Jiang Cheng's fund quarterly report is released! The top ten major holdings remain unchanged, and a long-term optimistic view on the economic returns in China.
2025-01-21 16:29
Zhitongcaijing
On January 21st, Zhongtai Asset Management disclosed the fourth quarter report of the fund managed by its renowned fund manager Jiang Cheng in 2024.
On January 21, Zhongtai Asset Management disclosed the fourth quarter report for 2024 of its famous fund manager Jiang Cheng's managed fund. Taking Zhongtai Xingyuan Flexible Allocation Hybrid Fund managed by Jiang Cheng as an example, there were not many significant changes in the top ten stock holdings compared to the end of the third quarter of 2024, with only Hisense Video (600060.SH) exiting as a top holding and Yangnong Chemical becoming a new top holding at the end of the fourth quarter. Jiang Cheng pointed out that overall, there were no major changes in the portfolio, and the long-term optimistic view remained unchanged. However, under the "fair value method," the fund's net asset value had declined somewhat.
As of the end of the reporting period, the net asset value per unit of Zhongtai Xingyuan Flexible Allocation Hybrid Fund Class A was 2.6517 yuan, with a growth rate of -2.91% during this reporting period, while the benchmark return rate during the same period was 0.14%. As of the end of the reporting period, the net asset value per unit of Zhongtai Xingyuan Flexible Allocation Hybrid Fund Class C was 2.6160 yuan, with a growth rate of -3.01% during this reporting period, while the benchmark return rate during the same period was 0.14%.
As of the end of the fourth quarter of 2024, stock investments accounted for 85.07% of the total assets of Zhongtai Xingyuan Flexible Allocation Hybrid Fund.
In terms of portfolio adjustments, the top ten holdings of Zhongtai Xingyuan Flexible Allocation Hybrid Fund at the end of the quarter were as follows: China Construction (601668.SH), Hualu Hengsheng (600426.SH), Sun Paper (002078.SZ), China Merchants Bank (600036.SH), Industrial and Commercial Bank of China (601398.SH), Jianfa Shares (600153.SH), Supor (002032.SZ), Poly Developments (600048.SH), Conch Cement (600585.SH), and Yangnong Chemical (600486.SH).

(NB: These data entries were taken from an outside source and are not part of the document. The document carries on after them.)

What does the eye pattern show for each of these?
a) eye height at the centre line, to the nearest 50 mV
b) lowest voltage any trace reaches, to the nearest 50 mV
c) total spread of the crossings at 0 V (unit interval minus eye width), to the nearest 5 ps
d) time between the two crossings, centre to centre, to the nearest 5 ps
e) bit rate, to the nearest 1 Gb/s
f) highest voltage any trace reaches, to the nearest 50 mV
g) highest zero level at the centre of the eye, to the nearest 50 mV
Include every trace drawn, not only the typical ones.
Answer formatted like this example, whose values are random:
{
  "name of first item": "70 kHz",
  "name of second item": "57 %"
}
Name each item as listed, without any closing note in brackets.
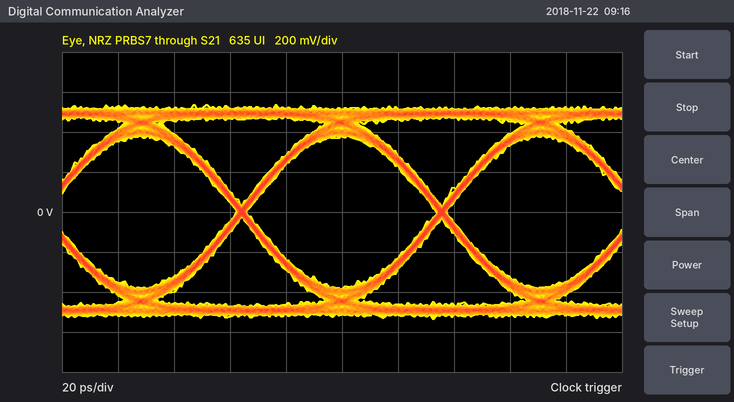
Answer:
{
  "eye height at the centre line, to the nearest 50 mV": "750 mV",
  "lowest voltage any trace reaches, to the nearest 50 mV": "-550 mV",
  "total spread of the crossings at 0 V (unit interval minus eye width), to the nearest 5 ps": "5 ps",
  "time between the two crossings, centre to centre, to the nearest 5 ps": "70 ps",
  "bit rate, to the nearest 1 Gb/s": "14 Gb/s",
  "highest voltage any trace reaches, to the nearest 50 mV": "550 mV",
  "highest zero level at the centre of the eye, to the nearest 50 mV": "-400 mV"
}

Jiang Cheng stated that the market in the fourth quarter showed overall volatility, with small and medium-sized stocks outperforming large-cap stocks. Industries related to artificial intelligence were relatively strong, while traditional industries such as pharmaceuticals, consumption, and real estate continued to decline. Compared to potential high returns, he preferred long-term high win rate, so there was a slight disadvantage in allocation.
With stimulus policies being introduced one after another, Jiang Cheng believed that it was necessary to pay extra attention to parts of the policies that had structural impacts on the long-term value of individual stocks, such as debt-to-equity measures, which were the most optimistic parts of the policy. Other long-term views remained unchanged: the resilience of the Chinese economy was sufficient, with a potential long-term return rate still leading among the world's major economies, the vast space for industrial structure upgrade, and equity assets benefiting from relatively lower valuations, ranking high in attractiveness among major global markets. Overall, the new information in the fourth quarter made the long-term judgment slightly more optimistic. As for when the countercyclical adjustment measures would show specific effects, it was not that important, as always, just reacting without predicting.
Not all stocks in the portfolio moved in the same direction, and the holding proportion of individual stocks was affected by their price movements. Therefore, the holdings of rising stocks would slightly decrease, while those of falling stocks would slightly increase. The final position and structure of the portfolio were thus formed by these "passive" operations stacking up.